The Modern Art Notes Podcast

Episode No. 436 features artist Ebony G. Patterson and art historian Shaina Larrivee.

The Nasher Museum of Art at Duke University is showing "Ebony G. Patterson... while the dew is still on the roses...", a survey of work Patterson has made over the last decade. The exhibition originated at the Perez Art Museum Miami, and was curated by Tobias Ostrander. The exhibition is on view at the Nasher through July 12. The exhibition catalogue was published by DelMonico Prestel. Amazon offers it for $30.

Patterson's installations, tapestries, videos and sculptures wield beauty to address disenfranchised communities, violence, masculinity and the impacts of colonialism. "... while the dew" especially examines her consideration of gardens. Patterson's work has been the subject of solo exhibitions at the Baltimore Museum of Art, the Savannah College of Art and Design Museum of Art, The Studio Museum in Harlem, the Bermuda National Gallery, and more.

Patterson was previously a guest on The MAN Podcast's monuments-and-memorials program in May 2019.
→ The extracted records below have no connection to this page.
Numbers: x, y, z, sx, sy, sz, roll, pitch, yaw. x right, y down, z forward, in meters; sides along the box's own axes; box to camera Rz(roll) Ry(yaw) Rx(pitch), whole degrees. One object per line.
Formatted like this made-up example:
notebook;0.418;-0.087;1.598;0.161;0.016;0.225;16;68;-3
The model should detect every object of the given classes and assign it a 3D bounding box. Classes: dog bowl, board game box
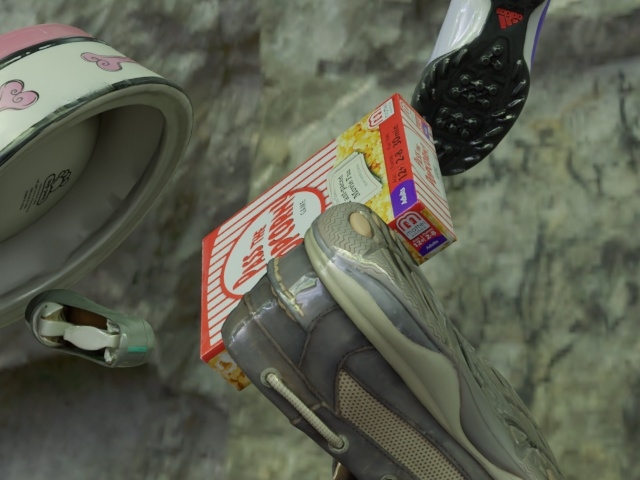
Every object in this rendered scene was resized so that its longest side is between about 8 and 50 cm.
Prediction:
dog bowl;-0.344;-0.074;1.744;0.150;0.408;0.408;46;-51;16
board game box;0.000;0.000;1.090;0.193;0.147;0.045;-37;-61;19

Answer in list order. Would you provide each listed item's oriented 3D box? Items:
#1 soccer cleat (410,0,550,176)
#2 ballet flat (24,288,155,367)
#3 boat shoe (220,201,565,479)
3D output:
soccer cleat;0.172;-0.216;1.559;0.108;0.116;0.318;18;-69;-4
ballet flat;-0.282;0.099;1.764;0.213;0.068;0.072;10;-82;37
boat shoe;0.063;0.134;0.965;0.130;0.132;0.355;-32;-65;10

On the second segment, Hedda Sterne Foundation director Shaina Larrivee discusses "Hedda Sterne: Imagination & Machine" at the Des Moines Art Center. The exhibition, which was curated by DMAC's Jared Ledesma, features work informed by John Deere tractor parts that Fortune magazine commissioned from Sterne in 1961. It is on view through April 15. Larrivee wrote the essay in the exhibition's brochure.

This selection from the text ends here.